EXCERPTED DATA below:
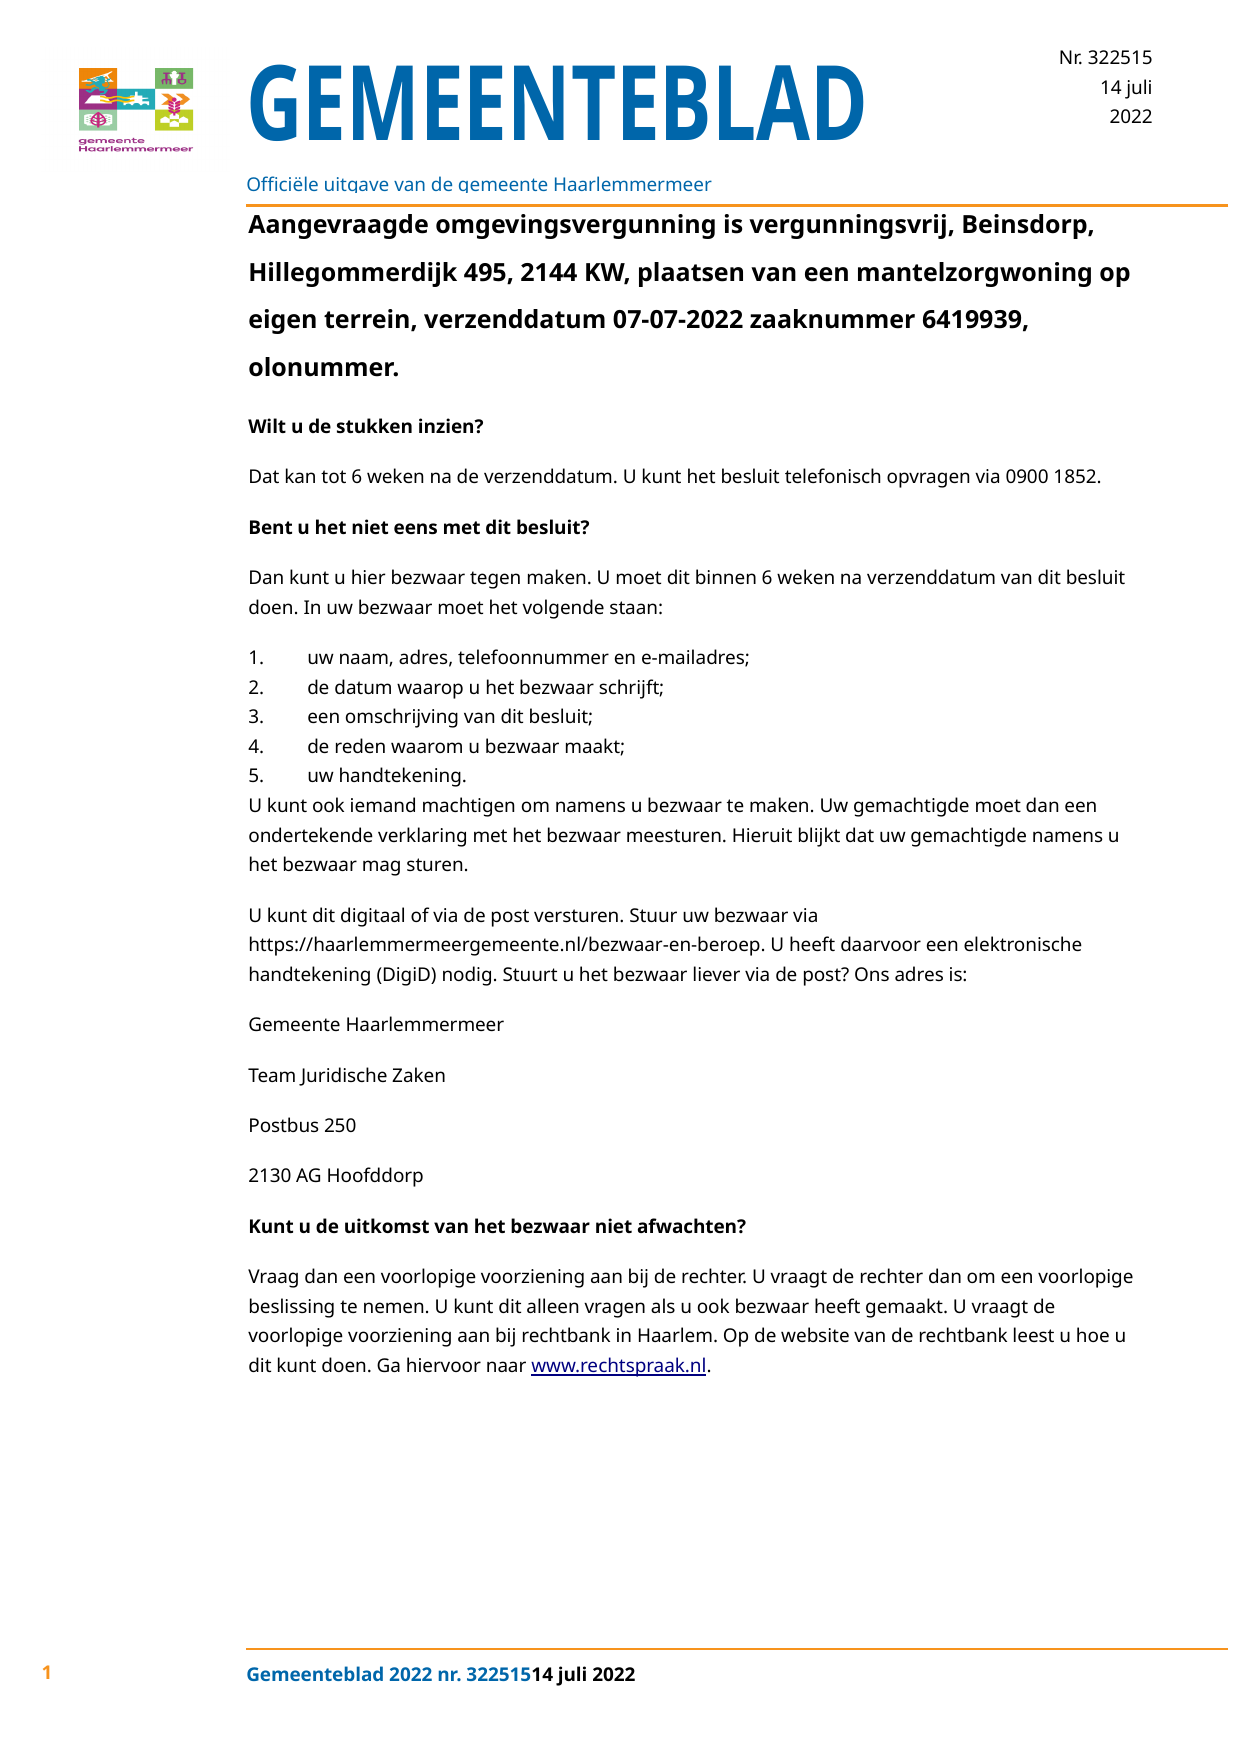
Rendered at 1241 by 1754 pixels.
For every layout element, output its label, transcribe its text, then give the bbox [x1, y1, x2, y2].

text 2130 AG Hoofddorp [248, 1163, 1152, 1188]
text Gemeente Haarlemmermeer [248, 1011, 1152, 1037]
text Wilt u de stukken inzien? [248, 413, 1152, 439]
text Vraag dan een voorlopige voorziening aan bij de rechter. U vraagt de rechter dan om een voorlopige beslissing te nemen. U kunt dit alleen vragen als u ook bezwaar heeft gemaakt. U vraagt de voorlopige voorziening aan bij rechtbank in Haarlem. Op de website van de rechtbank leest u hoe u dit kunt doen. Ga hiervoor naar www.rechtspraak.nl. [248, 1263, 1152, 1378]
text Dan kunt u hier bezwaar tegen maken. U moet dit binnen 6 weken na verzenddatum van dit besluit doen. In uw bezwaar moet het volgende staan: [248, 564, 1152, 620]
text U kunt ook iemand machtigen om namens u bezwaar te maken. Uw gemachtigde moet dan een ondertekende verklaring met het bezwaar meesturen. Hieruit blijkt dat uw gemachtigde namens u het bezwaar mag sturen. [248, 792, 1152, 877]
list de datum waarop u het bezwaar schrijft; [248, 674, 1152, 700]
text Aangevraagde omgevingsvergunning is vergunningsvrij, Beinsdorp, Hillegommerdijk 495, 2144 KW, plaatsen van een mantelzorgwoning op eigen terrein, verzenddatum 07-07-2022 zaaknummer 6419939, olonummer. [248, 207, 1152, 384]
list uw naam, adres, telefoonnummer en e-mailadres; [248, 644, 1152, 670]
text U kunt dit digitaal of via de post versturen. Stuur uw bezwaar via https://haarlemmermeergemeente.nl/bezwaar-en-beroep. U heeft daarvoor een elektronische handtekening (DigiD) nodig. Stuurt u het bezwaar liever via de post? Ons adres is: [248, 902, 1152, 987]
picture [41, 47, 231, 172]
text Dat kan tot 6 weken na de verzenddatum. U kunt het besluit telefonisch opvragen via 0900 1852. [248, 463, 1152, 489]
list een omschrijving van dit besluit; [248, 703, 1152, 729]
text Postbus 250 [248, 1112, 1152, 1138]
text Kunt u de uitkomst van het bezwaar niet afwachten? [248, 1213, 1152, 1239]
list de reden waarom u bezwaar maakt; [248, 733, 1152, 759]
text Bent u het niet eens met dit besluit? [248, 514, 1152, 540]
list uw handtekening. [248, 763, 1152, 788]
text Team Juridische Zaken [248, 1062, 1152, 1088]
End of EXCERPTED DATA.
WORK INSTRUCTIONS -
What is wanted is the line containing "list uw handtekening. [248, 763, 1152, 788]" and every line after it through the last line of the entries, printed exactly.

SOLUTION TO THE EXERCISE -
list uw handtekening. [248, 763, 1152, 788]
text Team Juridische Zaken [248, 1062, 1152, 1088]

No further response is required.